You are viewing a plain text version of this content. The canonical link for it is here.

Posted to dev@chukwa.apache.org by "Eric Yang (JIRA)" <ji...@apache.org> on 2010/12/27 22:44:45 UTC

[jira] Created: (CHUKWA-569) Add an option to speed up graph_explorer.jsp in fetching Column Name and Row Name

Add an option to speed up graph_explorer.jsp in fetching Column Name and Row Name
---------------------------------------------------------------------------------

                 Key: CHUKWA-569
                 URL: https://issues.apache.org/jira/browse/CHUKWA-569
             Project: Chukwa
          Issue Type: Improvement
          Components: User Interface
         Environment: Java 6, MacOSX 10.6
            Reporter: Eric Yang
            Assignee: Eric Yang
             Fix For: 0.5.0


When select a column family, the only way to figure out all columns inside the column family is to do a scan.  Since HBase does not have an API to get column names only, we have to provide a temporary workaround.  We can add an option to do full table scan, and we scan small amount of data to figure out the column patterns by default.  This short cut make assumption that data are in repeated pattern, scanning one row should be sufficient to find all the columns.  The same principle applies in scanning for unique row names.

-- 
This message is automatically generated by JIRA.
-
You can reply to this email to add a comment to the issue online.
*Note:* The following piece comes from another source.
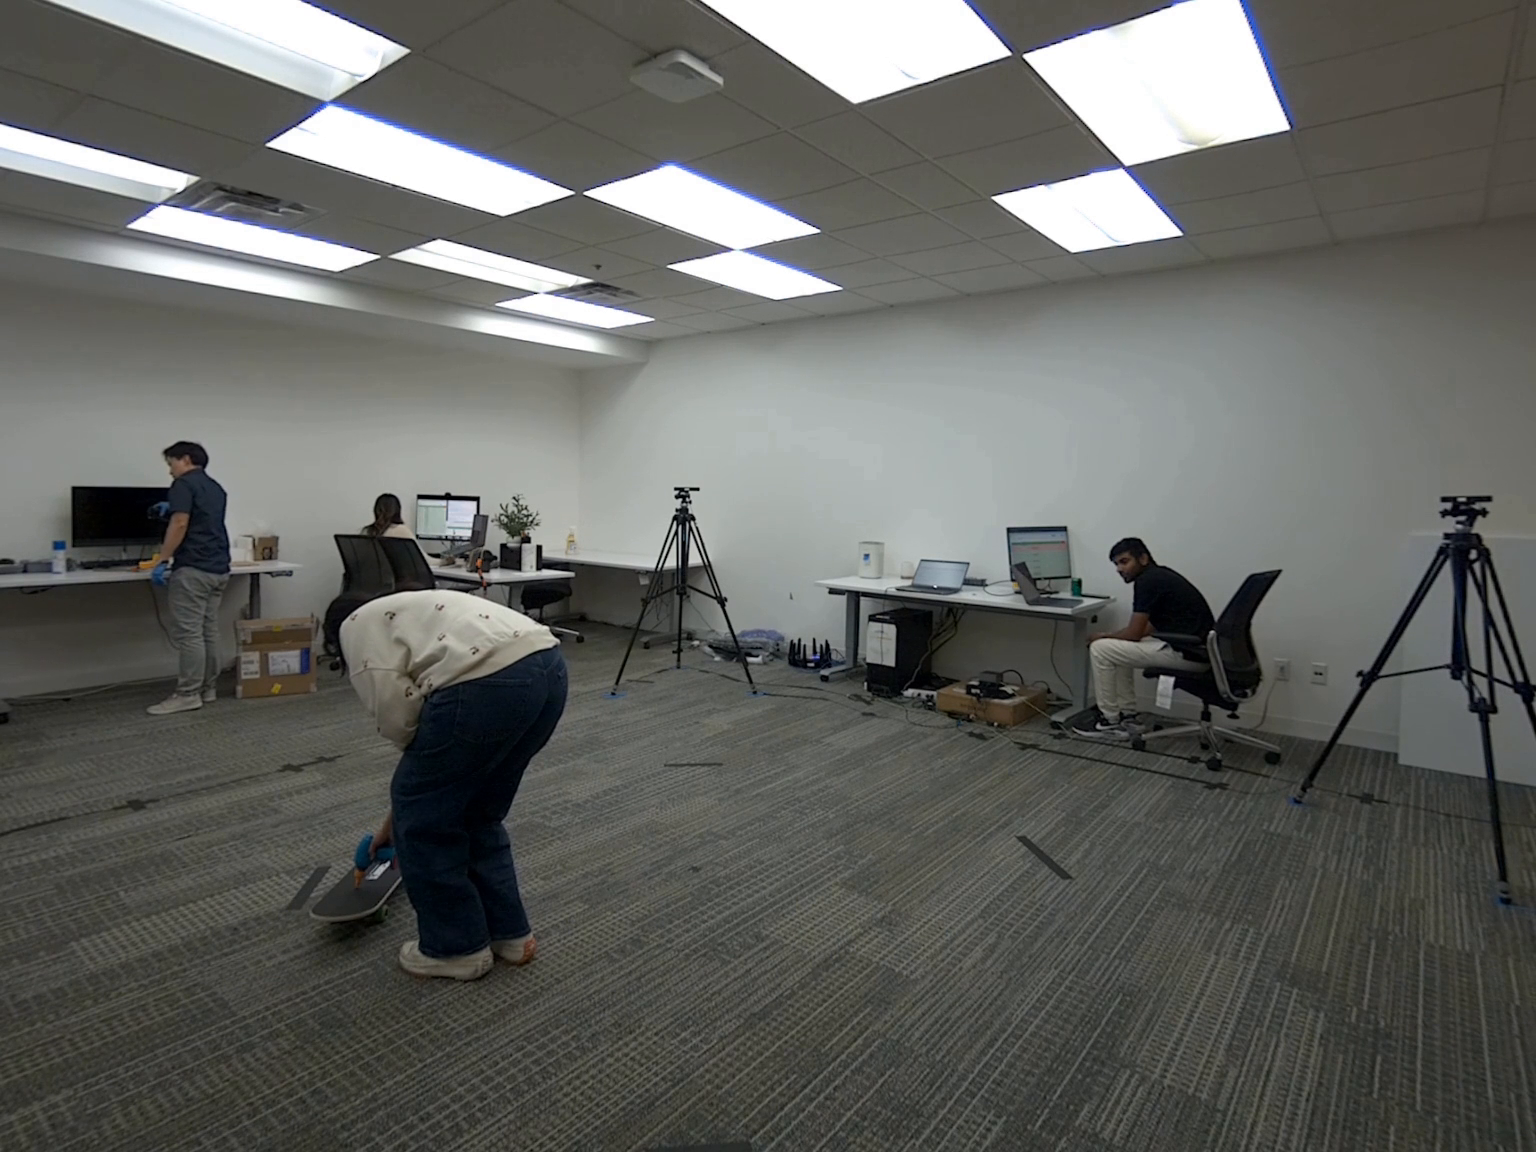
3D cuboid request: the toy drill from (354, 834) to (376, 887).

[jira] Updated: (CHUKWA-569) Add an option to speed up graph_explorer.jsp in fetching Column Name and Row Name

Posted by "Eric Yang (JIRA)" <ji...@apache.org>.

     [ https://issues.apache.org/jira/browse/CHUKWA-569?page=com.atlassian.jira.plugin.system.issuetabpanels:all-tabpanel ]
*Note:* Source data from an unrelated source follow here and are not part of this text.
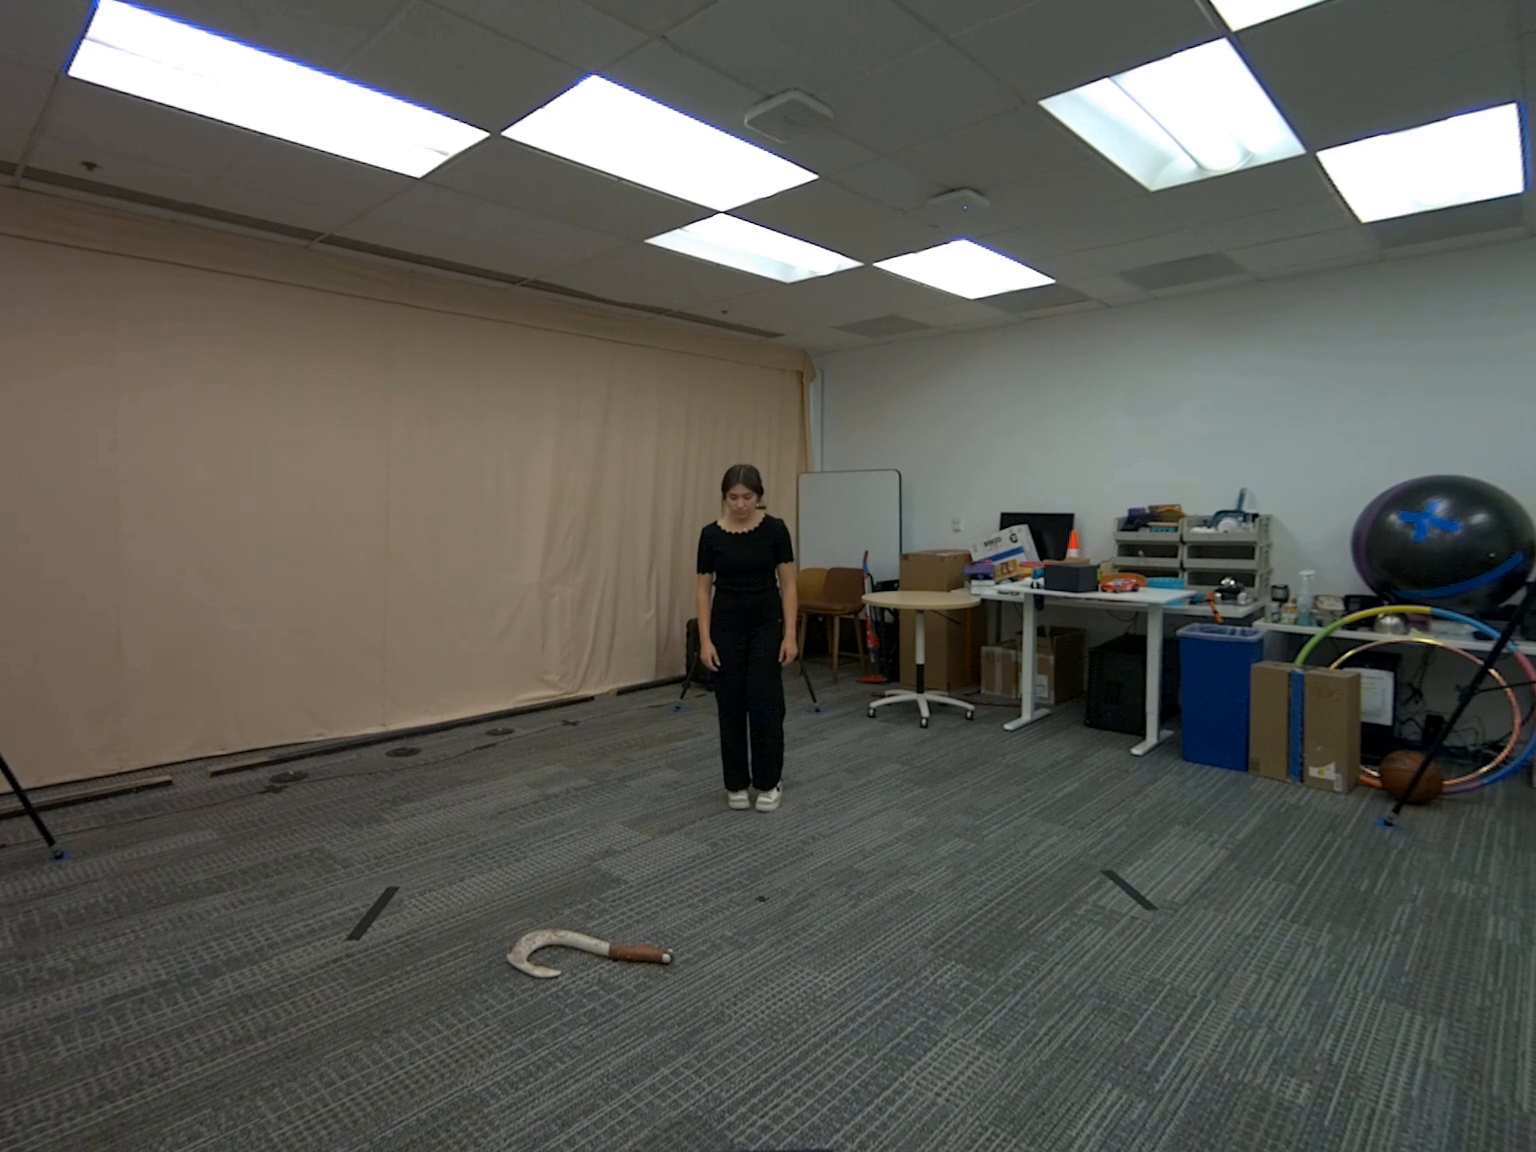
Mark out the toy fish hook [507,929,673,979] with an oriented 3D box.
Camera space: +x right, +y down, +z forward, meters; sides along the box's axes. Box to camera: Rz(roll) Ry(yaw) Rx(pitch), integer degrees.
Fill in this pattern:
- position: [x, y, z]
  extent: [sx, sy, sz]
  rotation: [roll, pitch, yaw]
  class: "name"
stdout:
- position: [-0.542, 1.166, 2.565]
  extent: [0.514, 0.048, 0.223]
  rotation: [0, 12, 13]
  class: "toy fish hook"
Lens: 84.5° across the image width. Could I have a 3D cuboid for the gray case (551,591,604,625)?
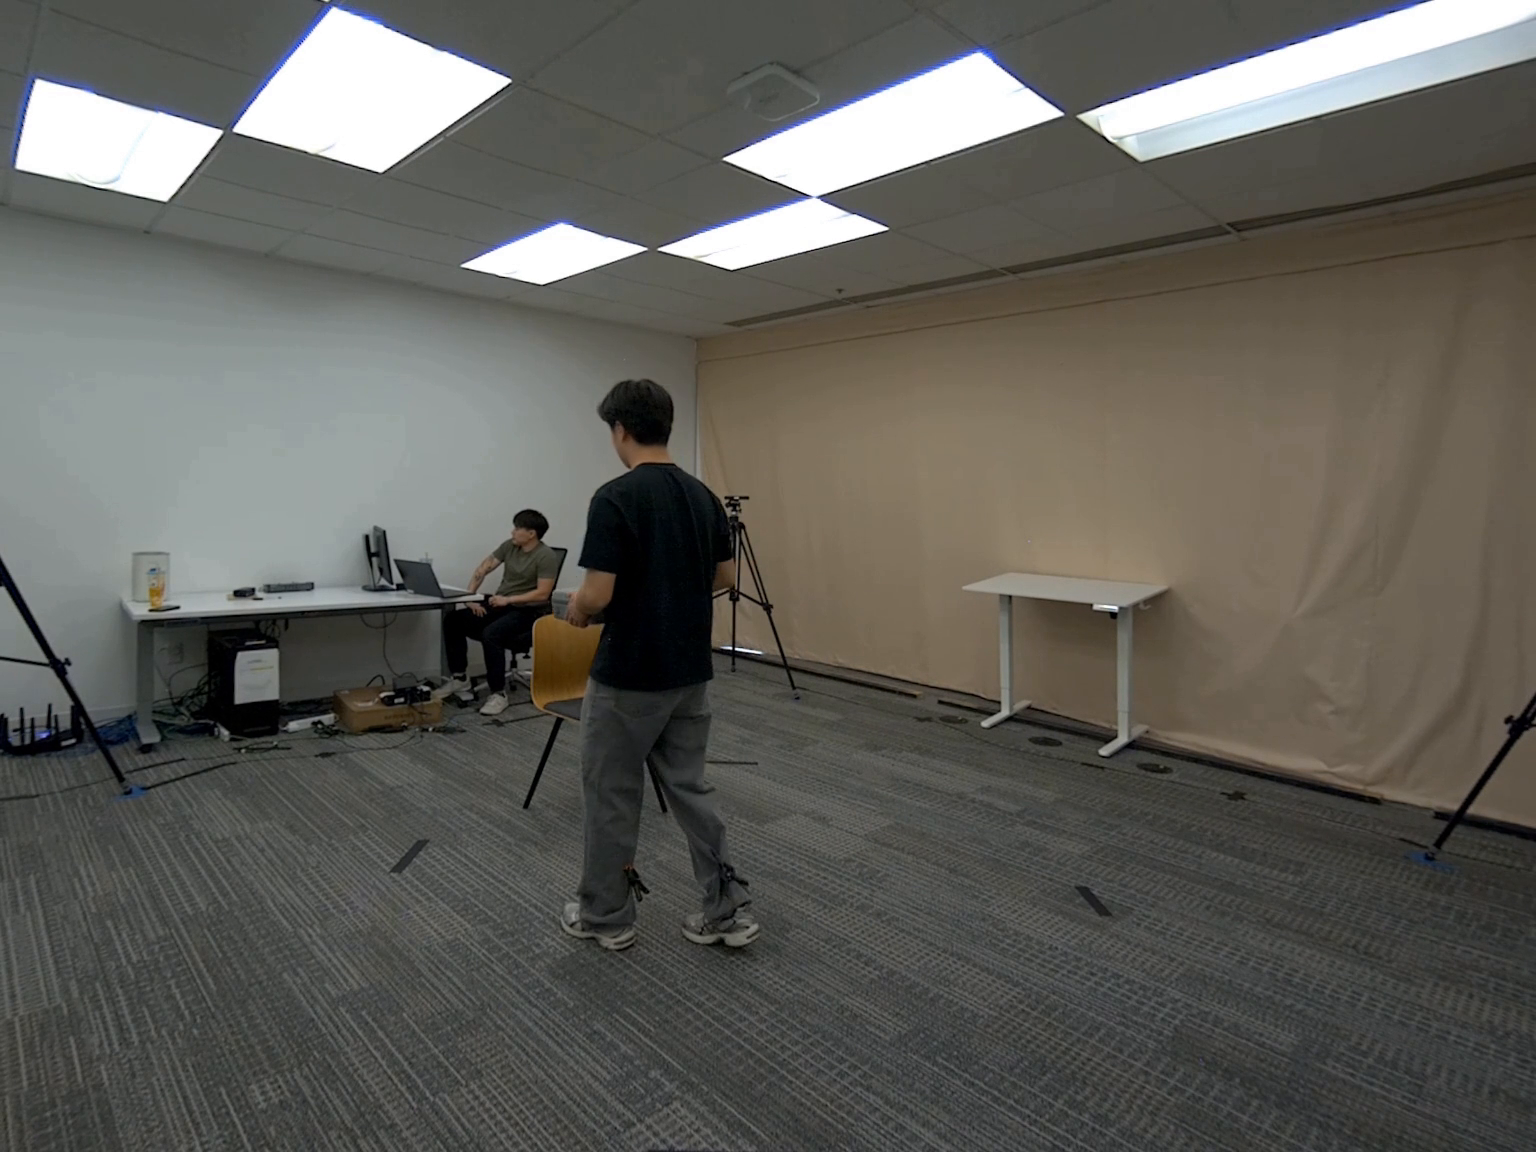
[{"bbox_3d":[-0.572,0.093,2.843,0.294,0.102,0.257,5,8,42],"label":"gray case"}]

Eric Yang updated CHUKWA-569:
-----------------------------

    Attachment: CHUKWA-569.patch

This is a temporary fix to speed up graph_explorer until we have an aggregation system to scan and extract all columns and store in metadata table.

> Add an option to speed up graph_explorer.jsp in fetching Column Name and Row Name
> ---------------------------------------------------------------------------------
>
>                 Key: CHUKWA-569
>                 URL: https://issues.apache.org/jira/browse/CHUKWA-569
>             Project: Chukwa
>          Issue Type: Improvement
>          Components: User Interface
>         Environment: Java 6, MacOSX 10.6
>            Reporter: Eric Yang
>            Assignee: Eric Yang
>             Fix For: 0.5.0
>
>         Attachments: CHUKWA-569.patch
>
>
> When select a column family, the only way to figure out all columns inside the column family is to do a scan.  Since HBase does not have an API to get column names only, we have to provide a temporary workaround.  We can add an option to do full table scan, and we scan small amount of data to figure out the column patterns by default.  This short cut make assumption that data are in repeated pattern, scanning one row should be sufficient to find all the columns.  The same principle applies in scanning for unique row names.

-- 
This message is automatically generated by JIRA.
-
You can reply to this email to add a comment to the issue online.

[jira] Commented: (CHUKWA-569) Add an option to speed up graph_explorer.jsp in fetching Column Name and Row Name

Posted by "Eric Yang (JIRA)" <ji...@apache.org>.

    [ https://issues.apache.org/jira/browse/CHUKWA-569?page=com.atlassian.jira.plugin.system.issuetabpanels:comment-tabpanel&focusedCommentId=12975703#action_12975703 ] 

Eric Yang commented on CHUKWA-569:
----------------------------------

A separate metadata table to keep track of the columns is a better implementation than this jira implies.  There are two missing pieces for the recommendation to work.  We need a workflow scheduler to run periodically, and the mapreduce job to scan for extra columns with specified table name and time range.  

For the first one, workflow scheduler system, we can use Oozie workflow scheduler.  For mapreduce which scan for columns, and update the meta data table, I filed CHUKWA-570.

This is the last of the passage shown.